The high NA in the BPD group compared with both control groups is consistent with a number of studies suggesting intense NA but not hyperreactivity of NA in those with BPD (e.g., Herpertz et al., 1999; Jacob et al., 2008, 2009; Kuo & Linehan, 2009). These findings suggest that emotional dysregulation in those with BPD might be more appropriately characterized as intense subjective negative affectivity, rather than emotional hyperreactivity and impaired recovery as suggested by current theories. However, a recent study (Gratz, Rosenthal, Tull, Lejuez, & Gunderson, 2010) suggested that BPD participants show hyperreactivity and impaired recovery only with respect to shame in response to negative feedback. Although there is an evaluative component to the TSST, there is no negative feedback provided, and our measure of general negative affect does not allow for much differentiation between specific emotions. Future research in this area would benefit from finer-grained investigation of specific emotions and contextual precipitants of emotional responses in those with BPD.

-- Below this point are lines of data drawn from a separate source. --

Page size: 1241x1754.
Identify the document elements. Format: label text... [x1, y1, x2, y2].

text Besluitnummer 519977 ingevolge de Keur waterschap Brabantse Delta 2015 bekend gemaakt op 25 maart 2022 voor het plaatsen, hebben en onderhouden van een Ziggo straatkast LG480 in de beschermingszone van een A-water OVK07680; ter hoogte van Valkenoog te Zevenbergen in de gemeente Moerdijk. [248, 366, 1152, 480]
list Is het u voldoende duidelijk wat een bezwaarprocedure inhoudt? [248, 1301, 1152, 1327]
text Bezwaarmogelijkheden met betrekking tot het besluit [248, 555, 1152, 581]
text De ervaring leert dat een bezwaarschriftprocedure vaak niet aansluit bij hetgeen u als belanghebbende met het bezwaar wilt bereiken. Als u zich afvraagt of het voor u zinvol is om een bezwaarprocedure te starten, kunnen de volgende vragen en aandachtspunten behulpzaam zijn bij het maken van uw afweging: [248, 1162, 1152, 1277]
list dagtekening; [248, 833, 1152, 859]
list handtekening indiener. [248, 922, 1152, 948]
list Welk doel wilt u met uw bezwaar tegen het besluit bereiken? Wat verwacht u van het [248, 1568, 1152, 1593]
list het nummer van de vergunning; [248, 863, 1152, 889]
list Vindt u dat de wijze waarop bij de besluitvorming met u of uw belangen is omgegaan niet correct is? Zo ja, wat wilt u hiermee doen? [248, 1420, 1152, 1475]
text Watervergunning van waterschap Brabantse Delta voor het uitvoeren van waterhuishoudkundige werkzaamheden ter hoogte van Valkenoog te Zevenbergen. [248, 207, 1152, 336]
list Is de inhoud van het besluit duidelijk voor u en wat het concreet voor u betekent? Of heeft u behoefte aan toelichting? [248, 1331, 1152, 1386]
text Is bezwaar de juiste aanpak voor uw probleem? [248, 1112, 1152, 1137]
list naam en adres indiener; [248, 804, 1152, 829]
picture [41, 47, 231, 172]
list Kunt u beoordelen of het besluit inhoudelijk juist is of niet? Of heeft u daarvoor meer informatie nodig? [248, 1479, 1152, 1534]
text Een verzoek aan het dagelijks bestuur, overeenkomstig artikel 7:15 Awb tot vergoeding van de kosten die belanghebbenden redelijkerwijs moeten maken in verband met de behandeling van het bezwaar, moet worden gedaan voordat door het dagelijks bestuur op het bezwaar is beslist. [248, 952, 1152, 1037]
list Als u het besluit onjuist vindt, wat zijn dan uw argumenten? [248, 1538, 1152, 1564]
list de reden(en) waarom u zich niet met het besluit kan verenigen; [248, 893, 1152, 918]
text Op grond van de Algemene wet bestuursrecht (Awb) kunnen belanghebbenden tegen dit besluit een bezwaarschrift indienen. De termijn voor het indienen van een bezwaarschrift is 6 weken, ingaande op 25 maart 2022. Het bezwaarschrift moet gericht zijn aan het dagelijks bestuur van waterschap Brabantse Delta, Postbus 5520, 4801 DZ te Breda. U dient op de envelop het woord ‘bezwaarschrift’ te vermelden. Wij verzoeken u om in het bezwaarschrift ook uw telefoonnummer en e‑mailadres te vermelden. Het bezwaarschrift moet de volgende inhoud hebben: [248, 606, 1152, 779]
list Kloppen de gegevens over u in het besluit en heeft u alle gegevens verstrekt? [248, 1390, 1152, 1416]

The differences between the BPD and TM groups in subjective NA and cortisol levels suggests that emotional dysregulation in BPD must be understood as more than just extreme variation on these normative personality traits, which has implications for assessment of BPD in DSM-5, as well as for theories of emotional dysregulation in BPD. Our assessment procedures ensured that although the TM group showed elevated BPD-related personality traits, they were without clinically significant Axis I or II symptoms. Thus, individuals can be high on BPD-related personality traits, yet not show significant signs of psychopathology or aberrant patterns of HPA axis or subjective emotional responses to stress. On the other hand, the similarity between BPD and TM groups in sAA reactivity suggests that blunted autonomic responsiveness in those with BPD might potentially be related to affective traits that these groups share in common. These findings indicate that the role of emotional and impulsive traits in autonomic dysregulation should be further explored, perhaps with additional measures of ANS functioning.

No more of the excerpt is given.